Since this ubuntu there is no setting root instead I used an admin account with sudo which gets setup further on, following is the top part of the file:

install
lang en_US.UTF-8
keyboard us
timezone --utc America/Eastern
network --noipv6 --onboot=yes --bootproto dhcp
authconfig --enableshadow --enablemd5
firewall --disabled
selinux --disabled
rootpw --disabled
bootloader --location=mbr --driveorder=sda --append="crashkernel=auth rhgb"
text
user sadmin --fullname "SAdmin" --password $SOMEPASSWD

# Disk Partitioning XXX-JRF not sure IF THESE WILL WORK on stage vms
clearpart --all
zerombr
part /boot --fstype=ext4 --size=300
part pv.1 --grow --size=1
volgroup vg1 --pesize=4096 pv.1
logvol / --fstype=ext4 --name=lv001 --vgname=vg1 --size=10480
logvol swap --name=lv004-swap --vgname=vg1 --size=2098
# END of Disk Partitioning

reboot

# Package Selection XXX
%packages --nobase --excludedocs
@ubuntu-standard

Not exactly too difficult although the disk part took some figuring out. These are smallish nodes (most of the action is on NFS). Next up is the package list, I truncated the actual list but essentially here it is:

-b43-openfwwf
linux-firmware
efibootmgr
nfs-common
wget
acpid
openipmi
pciutils
python-libxml2
bc
lsof
ntpdate
snmp
tcl
gfortran

And it just goes on from there. The list is derived by snagging dpkg --list and cramming it into the middle of the kickstart file.
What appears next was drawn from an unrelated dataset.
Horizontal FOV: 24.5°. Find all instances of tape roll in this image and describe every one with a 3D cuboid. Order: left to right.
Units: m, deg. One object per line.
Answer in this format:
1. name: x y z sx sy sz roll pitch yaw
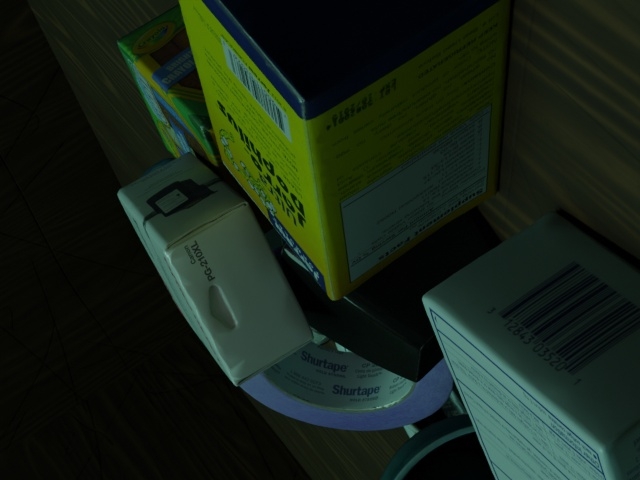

Now the fun part:


%pre

%post --log=/root/install-post.log
(

echo "SELINUX=disabled" > /etc/selinux/config
PATH=/bin:/sbin:/usr/bin:/usr/sbin
export PATH
echo "%sudo   ALL=NOPASSWD:ALL" > /etc/sudoers.d/admin
/bin/chmod 0400 /etc/sudoers.d/admin
cd /var/tmp
# The provision script is responsible for staging these on the fly
/usr/bin/wget http://10.2.0.165/post/mknet
/usr/bin/wget http://10.2.0.165/files/allfiles.tgz
tar xzvf allfiles.tgz
cd etc/
mv -f passwd /etc
mv -f group /etc
mv -f shadow /etc
mv -f gshadow /etc
mv -f hosts /etc/hosts
mv -f ssh/sshd_config /etc/ssh
chmod +x mknet
./mknet
cd /var/tmp 
tar xzf sadmin.tgz
mv -f sadmin /
cd /
chown -R sadmin:sadmin sadmin/
usermod -d /sadmin sadmin
rm -rfv /home/sadmin
echo "10.2.0.6:/home /home  nfs    defaults    0 0" >>   /etc/fstab`
mount /home
) 2>&1 >/root/install-post.log

There is a lot of craziness in there, so lets break it down first some standard stuff shut off selinux, setup sudoers to allow no passwd for memnbers of admin (there is only one in this case):


%pre

%post --log=/root/install-post.log
(

echo "SELINUX=disabled" > /etc/selinux/config
PATH=/bin:/sbin:/usr/bin:/usr/sbin
export PATH   
echo "%sudo   ALL=NOPASSWD:ALL" > /etc/sudoers.d/admin
/bin/chmod 0400 /etc/sudoers.d/admin

None of that is too nuts, the fun starts when kickstart pulls stuff off of the provisioning server to complete the configuration. It goes into /var/tmp and pulls down the aforementioned network setup script and a tarball of key configuration files. Then it:

  • Moves keyfiles into position first
  • Sets exec then executes the network config script
  • Unpacks the admin accounts files (this is for SSH keys)
  • Makes the admin account operate off of /, this is on purpose because home is NFS mounted
d /var/tmp
# The provision script is responsible for staging these on the fly
/usr/bin/wget http://10.2.0.165/post/mknet
/usr/bin/wget http://10.2.0.165/files/allfiles.tgz
tar xzvf allfiles.tgz
cd etc/
mv -f passwd /etc
mv -f group /etc
mv -f shadow /etc
mv -f gshadow /etc
mv -f hosts /etc/hosts
mv -f ssh/sshd_config /etc/ssh
chmod +x mknet
./mknet
cd /var/tmp 
tar xzf sadmin.tgz
mv -f sadmin /
cd /
chown -R sadmin:sadmin sadmin/
usermod -d /sadmin sadmin
rm -rfv /home/sadmin

That seems like a lot but it works rather well. I was able to easily deploy nodes using that as long as I made sure the hosts file was up to date. The last step is NFS:

echo "10.2.0.6:/home /home  nfs    defaults    0 0" >>   /etc/fstab`
mount /home
) 2>&1 >/root/install-post.log

Which is why the nfs-common package was included.

Summary

With a lot of time and patience a really good, single point kickstart network isntall can be used to simplify life. This setup negated my having to go out and find a provisioning system. There is however one command I had to run afterwards: a host keyscan of the node for the submit hosts. Perhaps at some point I will write up the wrapper script I wrote that stands all of this up temporarily.